Bishop mulling Sioux City Diocese role in immigration reform push
August 26, 2013
Bishop R. Walker Nickless
Bishop R. Walker Nickless is considering how the Sioux City Diocese, its priests and parishes and other organizations, may participate in a broader Catholic Church push for an immigration-reform package that includes a path to citizenship for millions of undocumented residents.
"He plans on talking to some of his brother priests on how we plan to proceed," said Kristie Arlt, communications director for the diocese.
The bishop is on record as supporting "common-sense reform" that provides a "reasonable path" to citizenship for an estimated 11 million people in the United States without proper papers.
"It aligns with what he said in the past," Arlt said in an interview with The Daily Times Herald about the larger national Catholic effort on immigration legislation aimed at influencing members of Congress.
The U.S. Conference of Catholic Bishops has consistently advocated for comprehensive reform of immigration policies that secures borders and gives undocumented immigrants the chance to earn permanent residency and eventual citizenship, the conference says in a statement of principles.

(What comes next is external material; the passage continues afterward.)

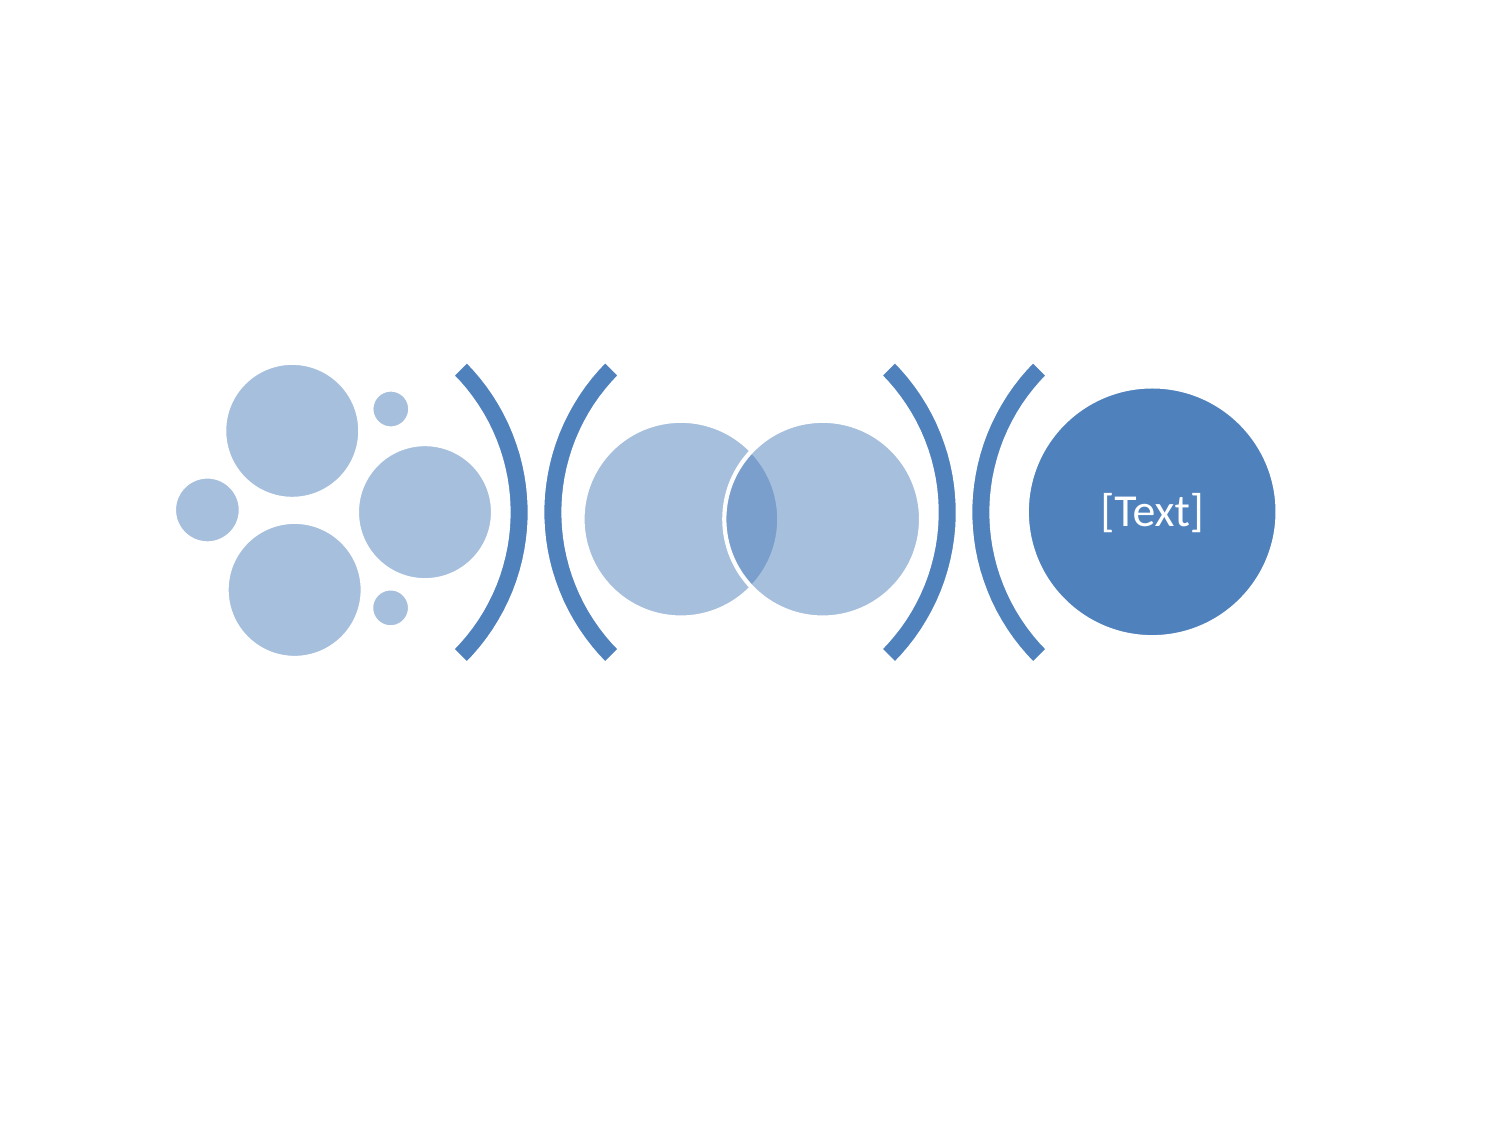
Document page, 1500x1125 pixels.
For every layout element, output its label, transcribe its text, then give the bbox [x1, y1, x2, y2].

The question before Nickless is how actively to join other dioceses planning Masses and other possible events on Sunday, Sept. 8.
According to The New York Times, dioceses and archdioceses, including Chicago, Cincinnati, Los Angeles, Brooklyn and San Antonio, are holding pro-pathway activities that Sunday. Some priests expect to deliver homilies supporting immigration reform.
The U.S. House of Representatives has 136 Catholics, about 30 percent of the total representation in that body. Catholics have more members of Congress than any other religious group, according to The Times.
Two Iowa Catholics - U.S. Sen. Tom Harkin, a Democrat, and U.S. Rep. Steve King, a Republican - advocate dramatically different approaches to immigration policy.
Harkin supported a Senate bill that includes a path to citizenship. King refers to such a proposal as "amnesty" for law-breaking activity, and has built a national brand largely on his fierce opposition to any sort of immigration reform that includes a pathway for unauthorized residents.
Both King and Harkin carried Carroll County in their most recent re-election bids.